Giorgio Piola's F1 technical analysis

Tech analysis: The Red Bull imitation that surprised Vettel


The Singapore GP has always been somewhat of a happy hunting ground for Red Bull, as the tight, twisty street circuit plays into the chassis-dominated ethos that it employs.

Dominating all of the free practice sessions, it was clear that the RB13 was not only suited to this circuit but has come on leaps and bounds throughout the season.

Teasing Adrian Newey back into the fold could be considered pivotal to this, with the aero guru's attention previously split between his commitments to Red Bull Racing and other projects, such as the Aston Martin Valkyrie.

Often considered an innovator, he also recognises the merits of taking design inspiration from others and making it work to his and his team's advantage.

As such, he's often seen wandering up and down the pitlane checking out everyone else's cars and sketching in his red notebook.

They say that imitation is the sincerest form of flattery and so Ferrari should feel pleased that Red Bull has taken onboard one of its designs, something even Sebastian Vettel felt the need to highlight in his post-qualifying interview, when he jokingly proclaimed: "This is ours, looks like a copy, no?"

Red Bull RB13 and Ferrari SF70H bargeboards comparison
Red Bull RB13 and Ferrari SF70H bargeboards comparison

Photo by: Giorgio Piola

He was, of course, talking about the new sidepod deflector that Red Bull mounted to the RB13 for Singapore.

The deflector, which does bear more than a striking resemblance to the one used by Ferrari since the start of the season, is placed in a position that many other teams have started to frequent, either in this format or in a similar multi-element fashion to what Mercedes started the season with too (below).
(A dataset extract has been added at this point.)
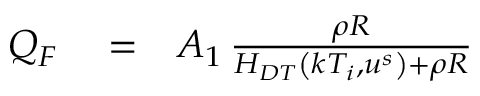<formula> <loc_0><loc_0><loc_500><loc_500>\begin{array} { r l r } { Q _ { F } } & = } & { A _ { 1 } \, \frac { \rho R } { H _ { D T } \left ( k T _ { i } , u ^ { s } \right ) + \rho R } } \end{array}</formula> 
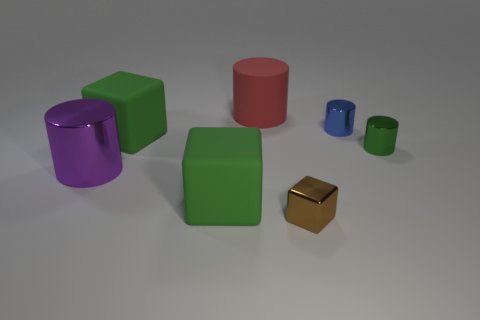Subtract all matte cubes. How many cubes are left? 1 Add 2 small metallic cylinders. How many objects exist? 9 Subtract all green cubes. How many cubes are left? 1 Subtract 1 blocks. How many blocks are left? 2 Subtract all cylinders. How many objects are left? 3 Add 1 big red matte cylinders. How many big red matte cylinders exist? 2 Subtract 0 yellow spheres. How many objects are left? 7 Subtract all red blocks. Subtract all cyan balls. How many blocks are left? 3 Subtract all gray cubes. How many green cylinders are left? 1 Subtract all big rubber balls. Subtract all large red rubber objects. How many objects are left? 6

The inclusion of this new deflector by Red Bull has heralded several other changes as a consequence, the bargeboard has been amended, with an axehead found extending out from it (blue arrow), while the airflow conditioner that ordinarily extrudes upward from the floor (inset) is intersected by it.

Now while the Ferrari and Red Bull deflectors may initially look like twins, there is one major difference, with Red Bull opting to discard Ferrari's more blunt leading edge in favour of a leading edge slat (red arrow), which is likely a consequence of differing flow characteristics ahead, as Red Bull looks to have the deflector work across a wider speed threshold than if it had adopted the same design as Ferrari.

Mercedes W08 bargeboards
Mercedes W08 bargeboards

Photo by: Giorgio Piola

The game of assimilation was not isolated to Red Bull in Singapore though, with Williams sporting a new set of deflectors that follow a similar design philosophy to Mercedes, albeit not as complex.

Williams FW40 side
Williams FW40 side

Photo by: Giorgio Piola

Like Red Bull, the changes made by Williams culminated in the redesign of the airflow conditioners too, as the new configuration's forward-most deflector is anchored to floor's axehead.

This is another surface that was optimised as part of the new package and now features three distinct sections, rather than one (blue arrow).

The displacement of the airflow conditioner to a more inboard and rearward position has meant that the small slot, which mirrored the floor slot below for legality purposes, is no longer needed (inset, green arrow).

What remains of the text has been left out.